Every line below should be copied exactly; drop the pictures.

Dataset excerpts
-=-=-

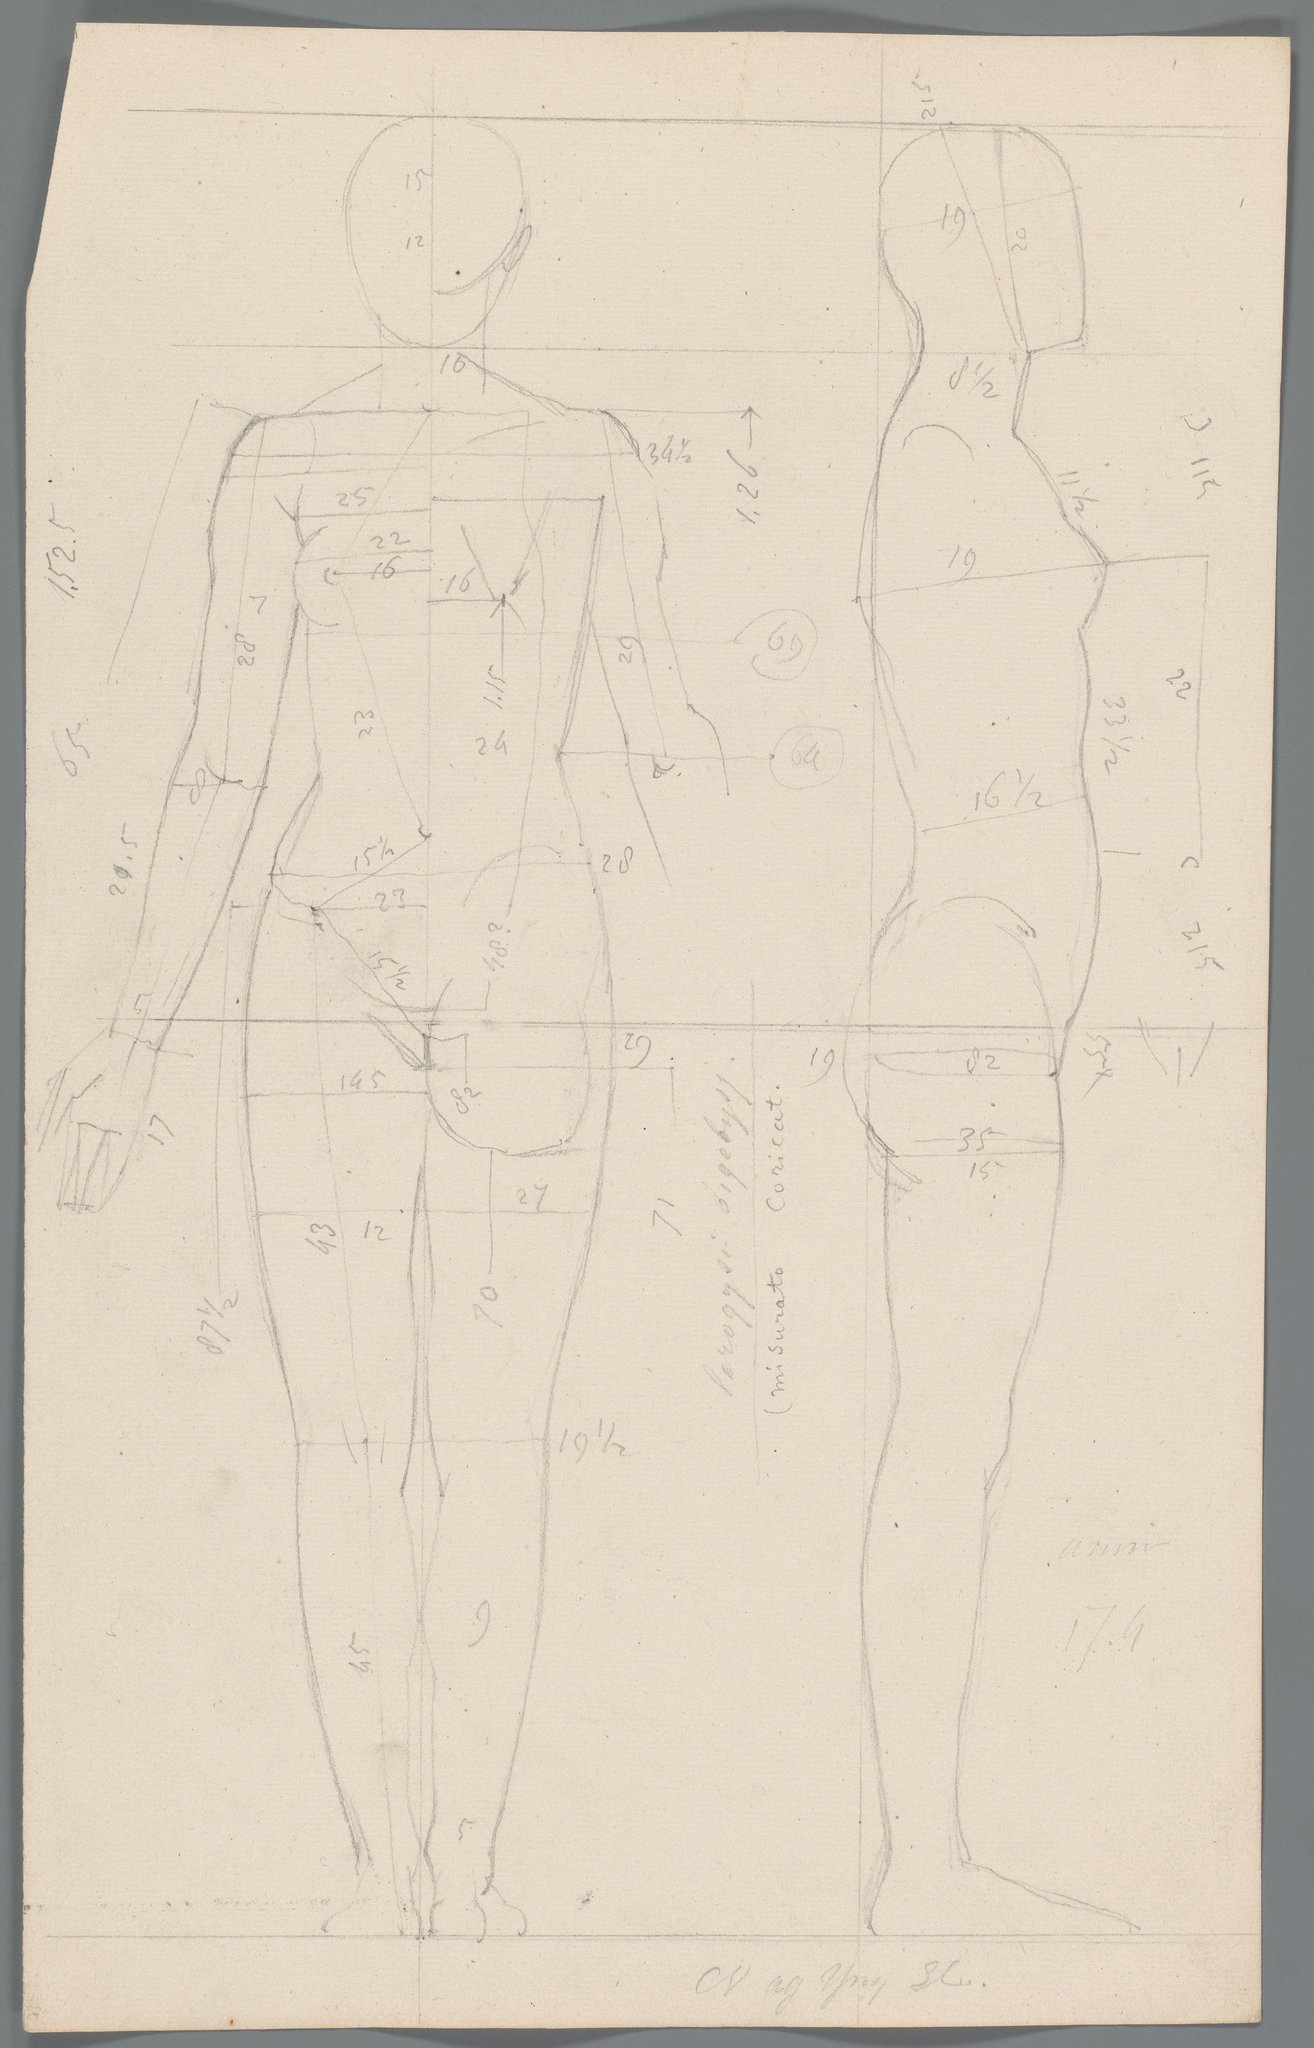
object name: drawing
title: Proportiestudie van een vrouw
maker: jacobus everhardus josephus van den berg
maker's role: draughtsman
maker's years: 1802-1861
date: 1853
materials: paper, pencil
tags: standing figure (canon, proportions) - aa - female human figure, anatomy (non-medical) - aa - female human figure
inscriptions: inscription: ‘CV ag Yng EC’
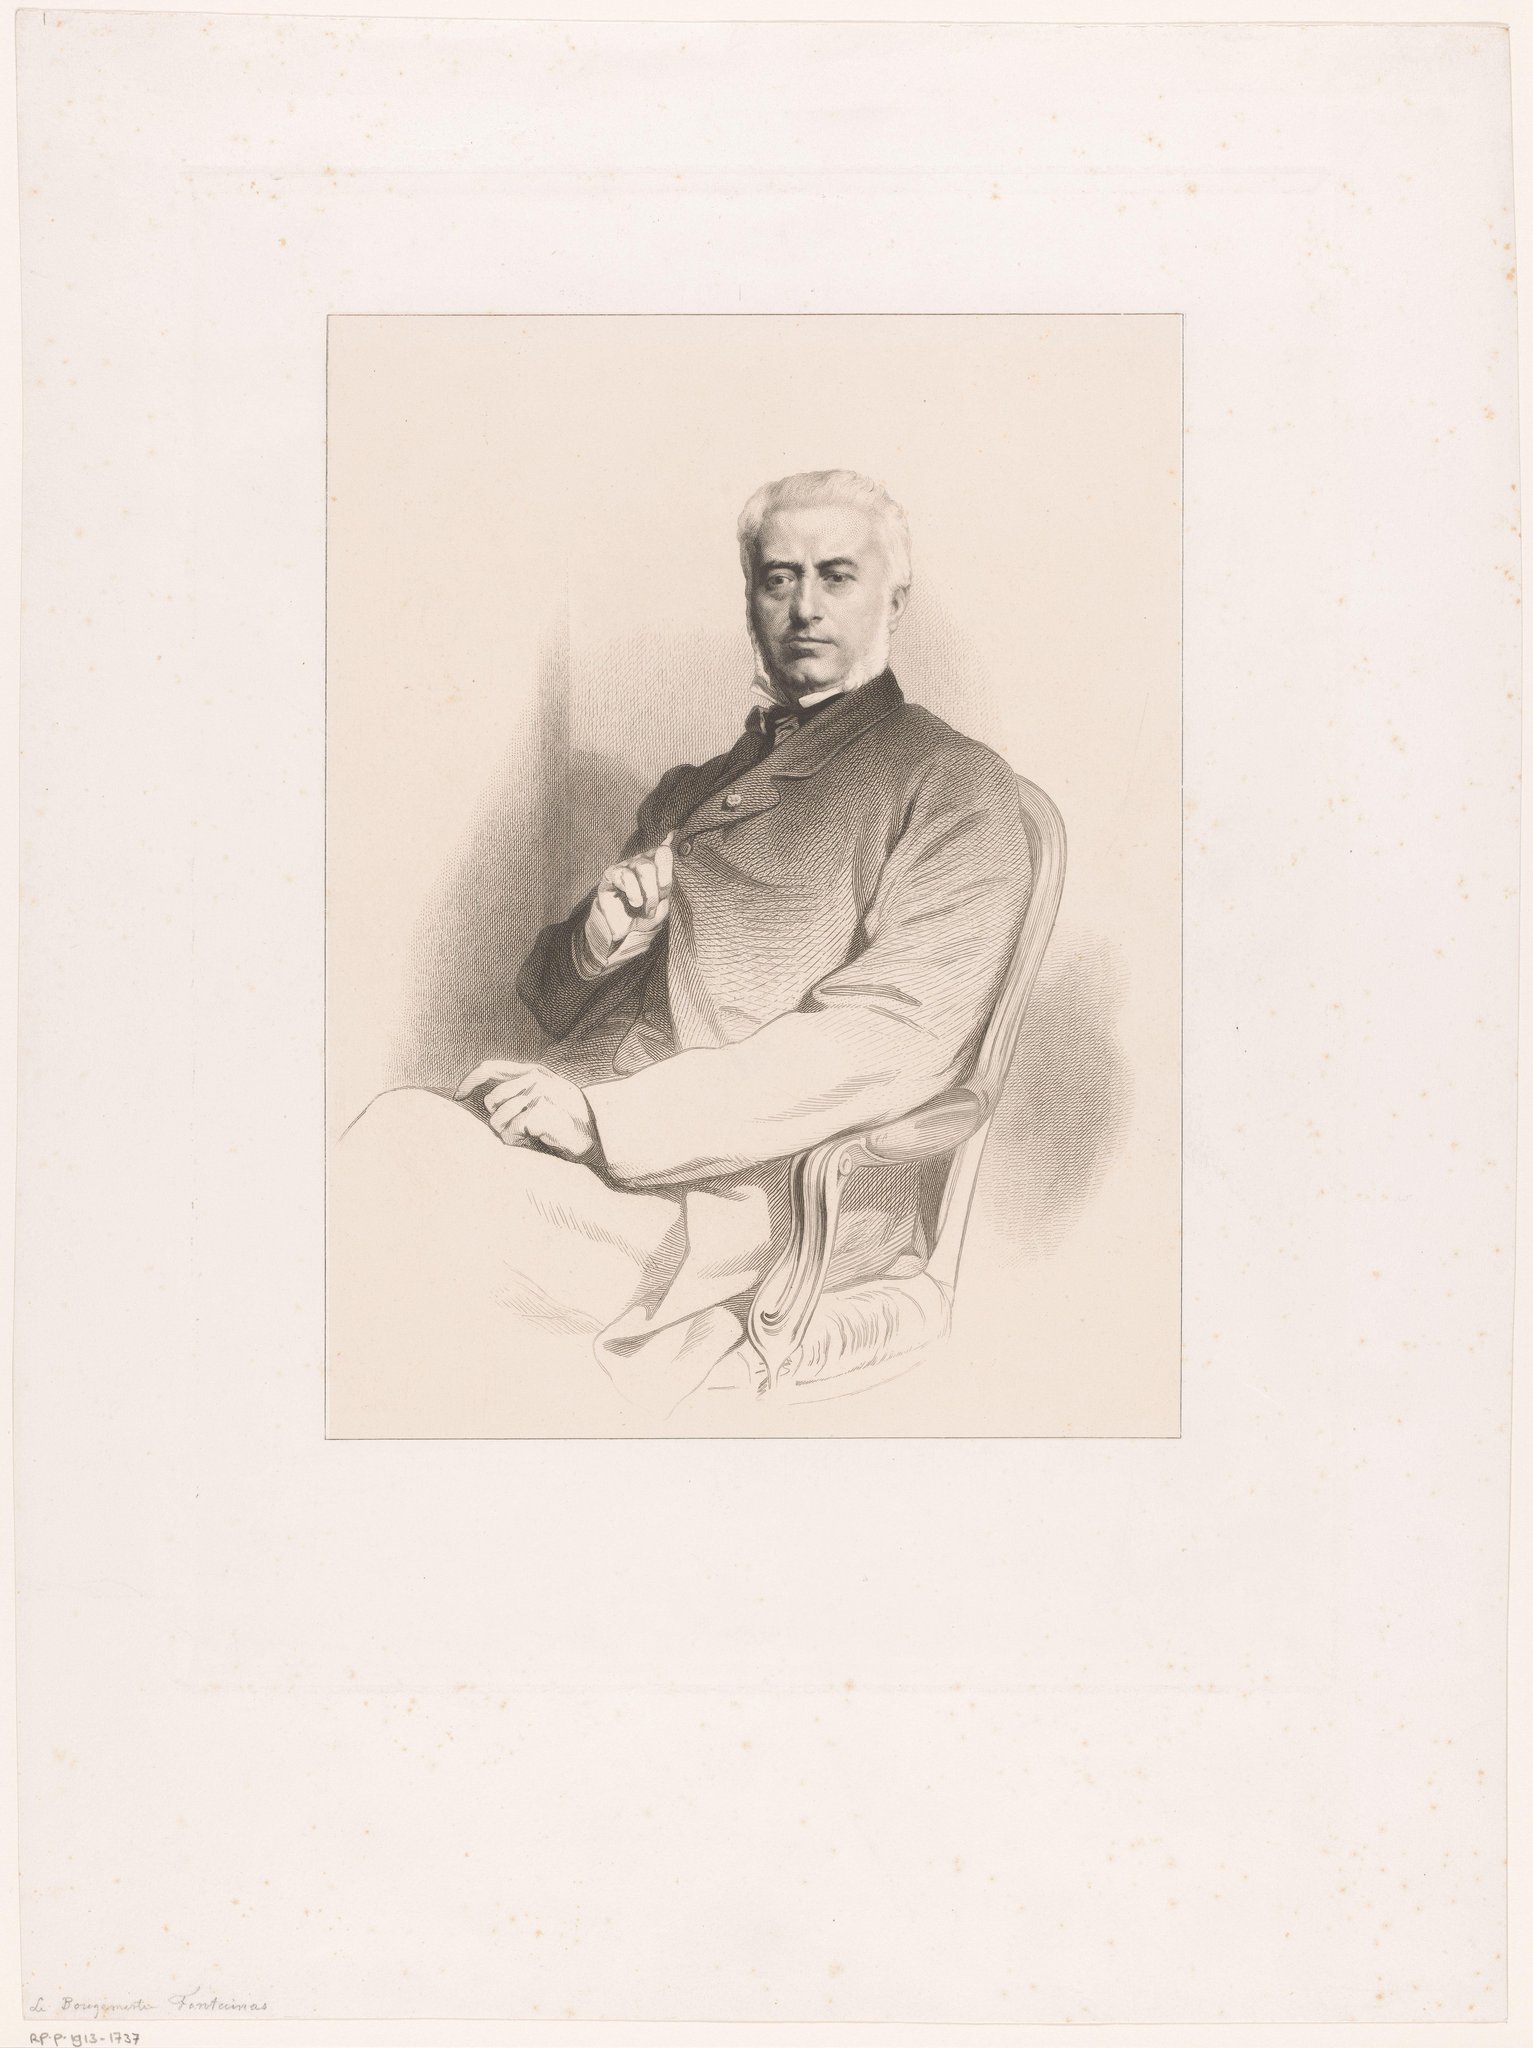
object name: print
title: Portret van André-Napoléon Fontainas
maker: jean-baptiste meunier
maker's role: print maker
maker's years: 1821-1900
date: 1831-1900
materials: paper
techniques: engraving, etching
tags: brussels, adult man, historical persons, chair
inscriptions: collector's mark: Lugt 2228
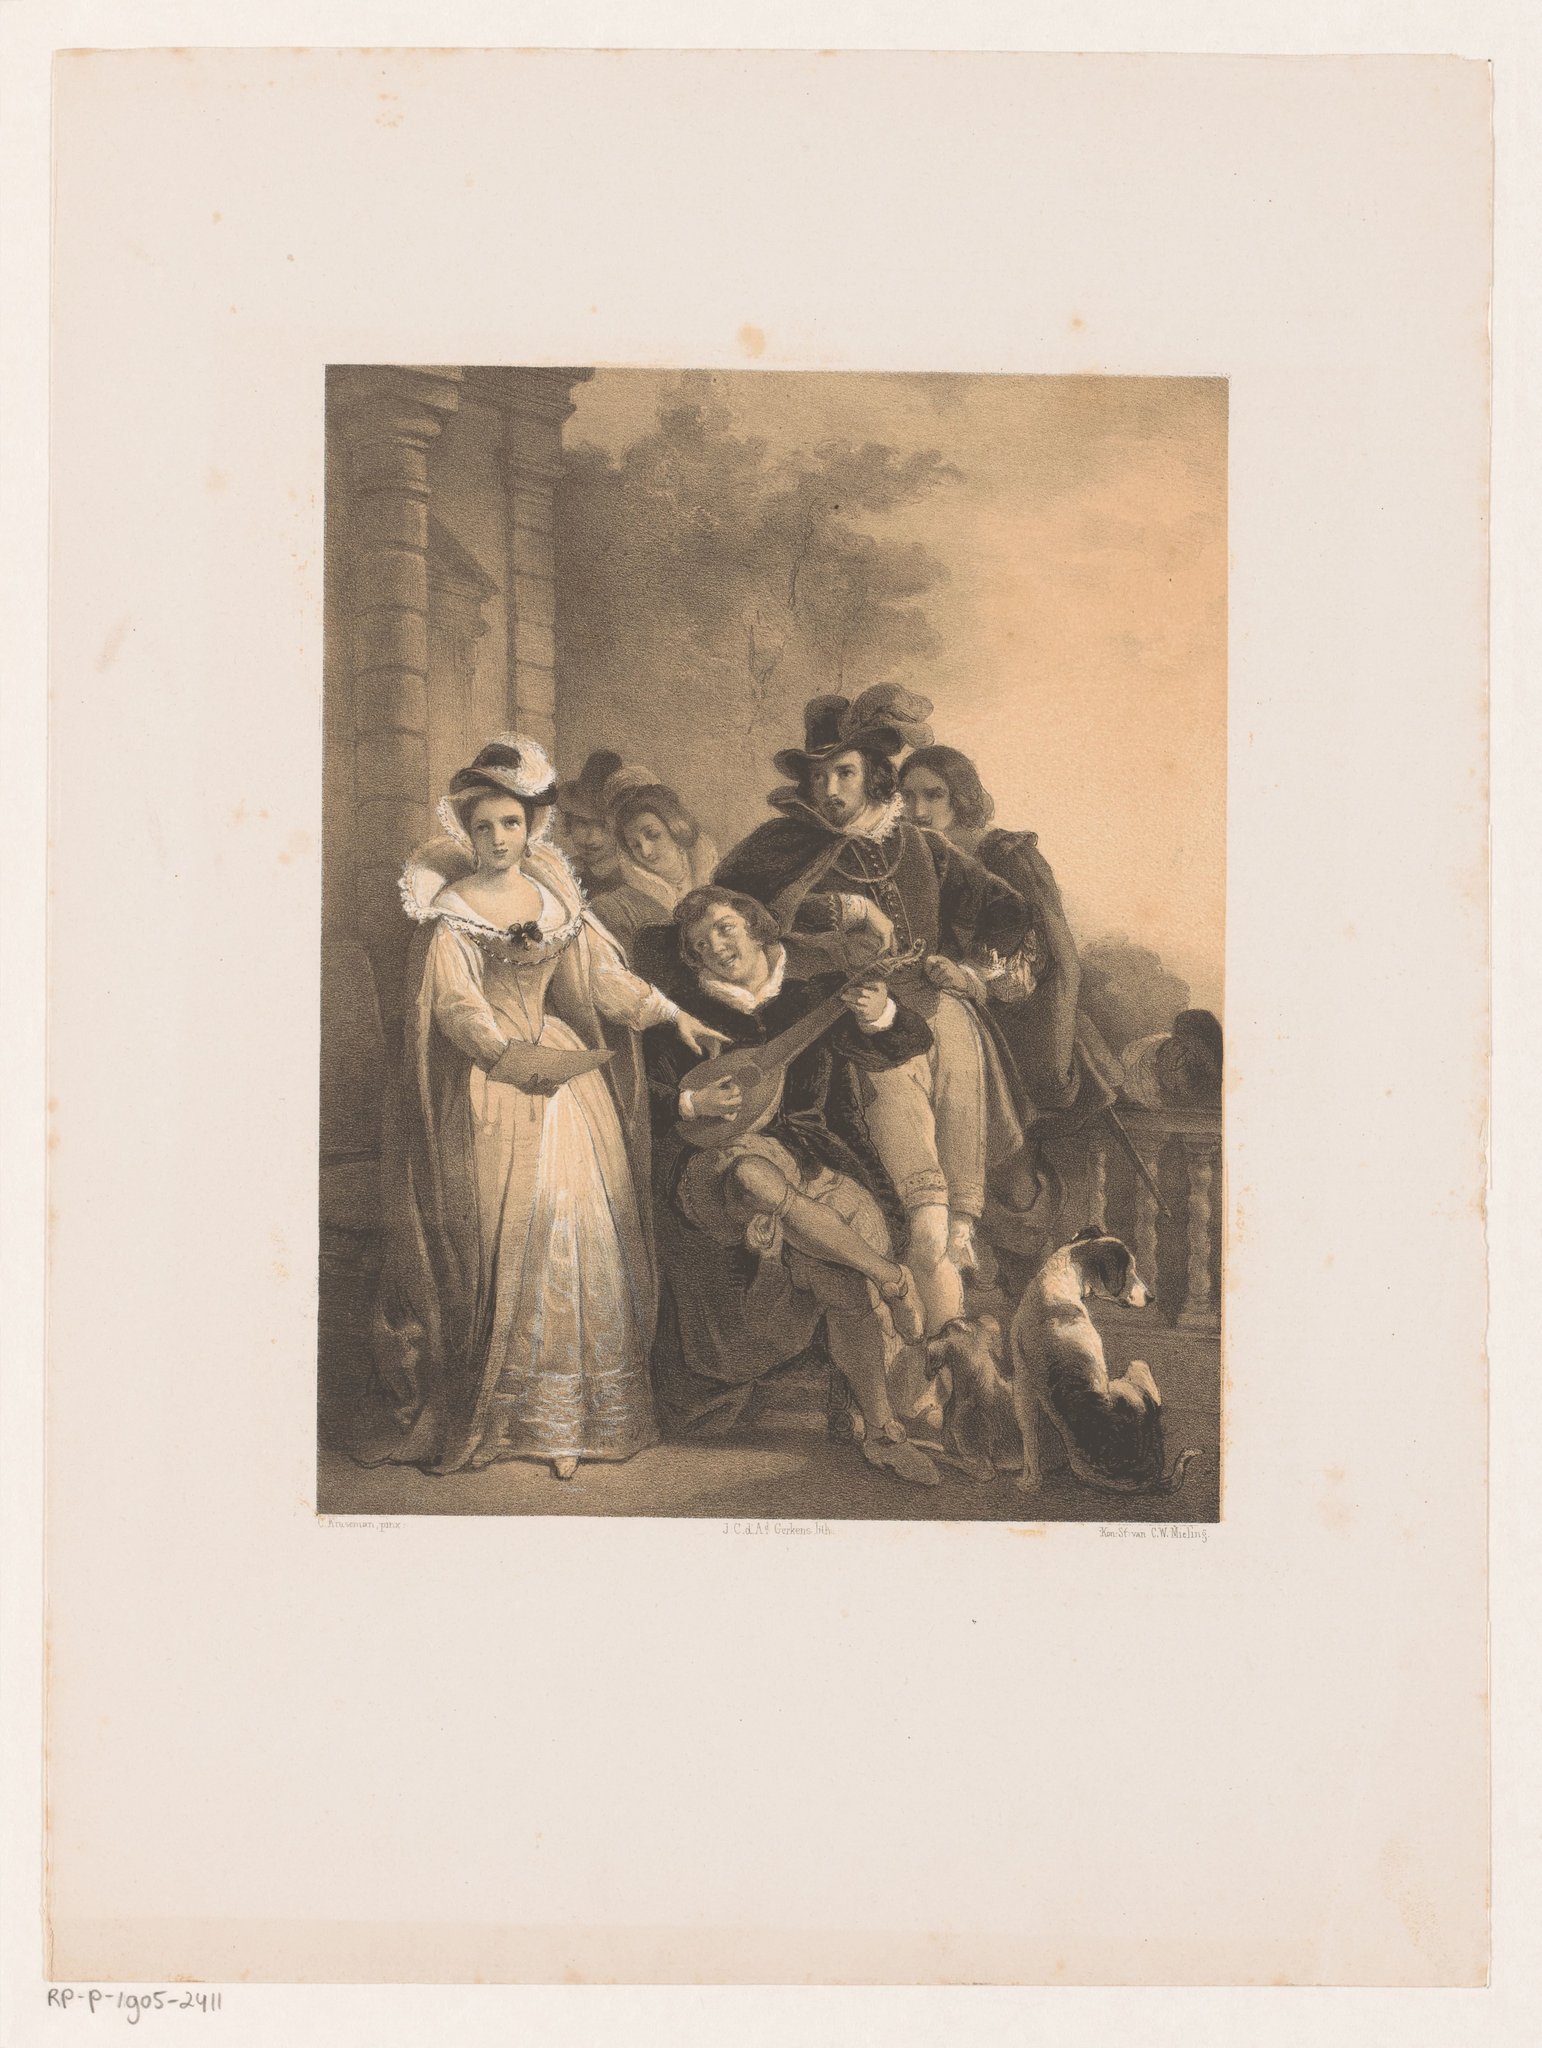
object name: print
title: Gezelschap met luitspeler en zangeres
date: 1847-1863
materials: paper
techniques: tone lithography
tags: musician(s) accompanying singer(s), one person playing string instrument (plucked), cithern, mandolin, guitar, balalaika, dog
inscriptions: collector's mark: Lugt 2228
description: De luitspeler zit op een stoel en kijkt naar de zingende vrouw naast hem. Achter hen staat een groepje mannen en een vrouw. Op de grond zitten twee honden.

-=-=-

#### SOLUTION BELOW
object name: drawing
title: Proportiestudie van een vrouw
maker: jacobus everhardus josephus van den berg
maker's role: draughtsman
maker's years: 1802-1861
date: 1853
materials: paper, pencil
tags: standing figure (canon, proportions) - aa - female human figure, anatomy (non-medical) - aa - female human figure
inscriptions: inscription: ‘CV ag Yng EC’
object name: print
title: Portret van André-Napoléon Fontainas
maker: jean-baptiste meunier
maker's role: print maker
maker's years: 1821-1900
date: 1831-1900
materials: paper
techniques: engraving, etching
tags: brussels, adult man, historical persons, chair
inscriptions: collector's mark: Lugt 2228
object name: print
title: Gezelschap met luitspeler en zangeres
date: 1847-1863
materials: paper
techniques: tone lithography
tags: musician(s) accompanying singer(s), one person playing string instrument (plucked), cithern, mandolin, guitar, balalaika, dog
inscriptions: collector's mark: Lugt 2228
description: De luitspeler zit op een stoel en kijkt naar de zingende vrouw naast hem. Achter hen staat een groepje mannen en een vrouw. Op de grond zitten twee honden.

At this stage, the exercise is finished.